MHB Show that the measure is equal to zero

[mathmari]

Hey!

Let $\mu$ be a Borel measure in $\mathbb{R}$ such that $\mu(I)\leq v^a(I)$ for each bounded interval $I$, where $a>1$.

Show that $\mu=0$.

Could you give some hints how to show this??

Do we maybe use the identity that for each rectangle R the outer measure of R is equal to the volume of R. But in this case we don`t have an outer measure... :/

 

[Euge]

What does $v^a$ stand for, mathmari?

 

[mathmari]

What does $v^a$ stand for, mathmari?

$v$ stands for volume.

 

[Euge]

So you're asking to show that if $\mu$ is a Borel measure on $\Bbb R$ such that for some $a > 1$, $\mu(I) \le [v(I)]^a$ for all bounded intervals $I$, then $\mu = 0$?

 

[mathmari]

So you're asking to show that if $\mu$ is a Borel measure on $\Bbb R$ such that for some $a > 1$, $\mu(I) \le [v(I)]^a$ for all bounded intervals $I$, then $\mu = 0$?

Yes! (Wondering)

 

[Euge]

Ok, let's start by showing $\mu(I) = 0$ for every bounded open interval $I$. Take an arbitrary, bounded open interval $I = (c,d)$. Given $n\in \Bbb N$, partition $I$ into $n$ disjoint intervals of length $(d - c)/n$:

$$\bigl(c, c + \tfrac{d - c}{n}\bigr), \bigl[c + \tfrac{d - c}{n}, c + \tfrac{2(d - c)}{n}),\ldots, \bigl[c + \tfrac{(n-1)(d - c)}{n}, d\bigr)$$

By hypothesis and countable additivity of $\mu$,

$$\mu(I) = \mu\bigl(c, c + \tfrac{d - c}{n}\bigr) + \mu\bigl[c + \tfrac{d - c}{n}, c + \tfrac{2(d - c)}{n}\bigr) + \cdots + \mu\bigl[c + \tfrac{(n-1)(d - c)}{n}, d\bigr)$$

$$ \le \Bigl(\frac{d - c}{n}\Bigr)^a + \Bigl(\frac{d - c}{n}\Bigr)^a + \cdots + \Bigl(\frac{d - c}{n}\Bigr)^a\; (\text{$n$ times})$$

$$= \frac{(d - c)^a}{n^{a-1}}.$$

Since $n$ is arbitrary and $a > 1$, taking the limit as $n\to \infty$ yields $\mu(I) \le 0$. Therefore $\mu(I) = 0$.

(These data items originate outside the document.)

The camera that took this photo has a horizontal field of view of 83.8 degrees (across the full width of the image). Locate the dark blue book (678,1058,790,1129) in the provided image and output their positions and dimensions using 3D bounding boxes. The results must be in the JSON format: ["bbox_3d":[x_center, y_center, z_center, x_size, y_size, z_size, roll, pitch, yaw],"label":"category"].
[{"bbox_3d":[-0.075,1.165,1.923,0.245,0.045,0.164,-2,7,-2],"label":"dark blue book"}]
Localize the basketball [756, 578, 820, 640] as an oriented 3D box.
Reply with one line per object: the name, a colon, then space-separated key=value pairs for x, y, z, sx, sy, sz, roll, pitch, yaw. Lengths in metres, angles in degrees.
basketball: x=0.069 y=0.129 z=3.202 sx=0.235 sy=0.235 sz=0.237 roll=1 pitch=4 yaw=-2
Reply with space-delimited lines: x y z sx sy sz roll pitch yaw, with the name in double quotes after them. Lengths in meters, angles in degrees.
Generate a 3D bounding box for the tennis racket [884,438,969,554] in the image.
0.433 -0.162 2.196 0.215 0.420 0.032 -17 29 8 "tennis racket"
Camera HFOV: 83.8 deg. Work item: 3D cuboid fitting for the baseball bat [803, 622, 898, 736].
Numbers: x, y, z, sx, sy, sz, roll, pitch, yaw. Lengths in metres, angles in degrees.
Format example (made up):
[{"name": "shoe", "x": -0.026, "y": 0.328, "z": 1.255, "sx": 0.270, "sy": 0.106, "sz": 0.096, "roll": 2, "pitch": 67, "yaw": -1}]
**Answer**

Next, let $I$ be any unbounded open interval. Then $I$ takes the form $(-\infty, x)$, $(x, \infty)$ (where $x\in \Bbb R$), or $(-\infty, \infty)$. In the first case, the sequence $\{(x - n, x)\}_{n = 1}^\infty$ increases to $(-\infty, x)$, and so $\mu(I) = \lim_{n\to \infty} \mu(x - n, x) = \lim_{n\to \infty} 0 = 0$. A similar argument applies to the second case. As for the last case,

$$\mu(I) = \mu\Bigl(\bigcup_{n = 1}^\infty (-n, n)\Bigr) \le \sum_{n = 1}^\infty \mu(-n,n) = \sum_{n = 1}^\infty 0 = 0,$$

hence $\mu(I) = 0$.

Now can you show that $\mu(G) = 0$ for every open set $G \subset \Bbb R$?